The Partnership Begins

Yet even with the passionate Baptist beliefs of his formative years, Bill's faith would take a hiatus once he went to college in Washington, D.C., attending the Catholic institution Georgetown University.
13
Whether his decision to limit his open role in the Baptist church stemmed from a shift in his beliefs or the fact that the Jesuit institution he was attending had a much different orientation is not clear. Four years later, in 1968, Bill Clinton graduated from the prestigious college and then headed to Oxford University from 1968 to 1970 on a Rhodes scholarship. After Oxford, Bill went to New Haven, where he entered Yale Law School, and it was there that he met the bespec
tacled, bookish girl from Park Ridge. While their relationship began as a flirtation between two law students, both seemed to sense early on that they could benefit from each other and that together they shared a mutual ambition. It seemed as though they could survive whatever disagreements, inconveniences, troubles, and even disgraces and major transgressions, for a larger purpose of jointly transforming the world. The two influenced each other intellectually, with their experiences and their faiths rooted in such disparate pasts; together they were idealistic, but they were determined.

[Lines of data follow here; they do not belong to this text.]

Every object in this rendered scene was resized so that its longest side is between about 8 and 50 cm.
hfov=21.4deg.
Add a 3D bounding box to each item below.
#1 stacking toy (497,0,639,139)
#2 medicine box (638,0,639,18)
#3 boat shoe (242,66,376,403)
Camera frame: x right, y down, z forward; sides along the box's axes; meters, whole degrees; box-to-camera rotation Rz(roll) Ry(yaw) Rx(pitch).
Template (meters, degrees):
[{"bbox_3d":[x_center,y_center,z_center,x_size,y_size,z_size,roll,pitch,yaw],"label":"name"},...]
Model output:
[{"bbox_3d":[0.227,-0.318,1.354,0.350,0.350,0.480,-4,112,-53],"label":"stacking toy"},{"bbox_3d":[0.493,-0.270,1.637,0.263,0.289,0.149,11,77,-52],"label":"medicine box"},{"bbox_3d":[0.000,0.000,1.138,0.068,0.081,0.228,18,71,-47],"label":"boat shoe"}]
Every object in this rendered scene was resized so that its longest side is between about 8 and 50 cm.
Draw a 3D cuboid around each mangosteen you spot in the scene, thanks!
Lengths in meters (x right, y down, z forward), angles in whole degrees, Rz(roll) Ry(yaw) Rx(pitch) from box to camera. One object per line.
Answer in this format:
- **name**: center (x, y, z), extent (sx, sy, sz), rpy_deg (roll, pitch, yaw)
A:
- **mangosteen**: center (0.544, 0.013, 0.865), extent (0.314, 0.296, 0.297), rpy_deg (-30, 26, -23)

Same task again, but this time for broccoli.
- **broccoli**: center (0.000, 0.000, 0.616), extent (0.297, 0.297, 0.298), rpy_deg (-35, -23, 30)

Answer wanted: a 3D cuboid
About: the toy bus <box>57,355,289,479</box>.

This is not to say that they were never in love. There is no question in the minds of those knew or observed them that Bill Clinton and Hillary Rodham were serious about each other and quite in love. They dared to break unwritten but respected Yale Law School rules prohibiting interstudent relationships, and then also shattered the mores of Hugh Rodham and Park Ridge when they decided to live together during Hillary's third year at Yale, moving into a Victorian-style house off campus.
14

Bill seemed sure that Hillary was the girl, his life partner. Virginia was said to have been underwhelmed by Hillary, recognizing right away that she was “one of them smart ones,” unlike the fun, easy girls that Bill usually nabbed for play. She was startled and not necessarily joyful when Bill told her during a visit back home during break, “Mother, I want you to pray for me that it's Hillary because if it isn't Hillary, it's nobody.”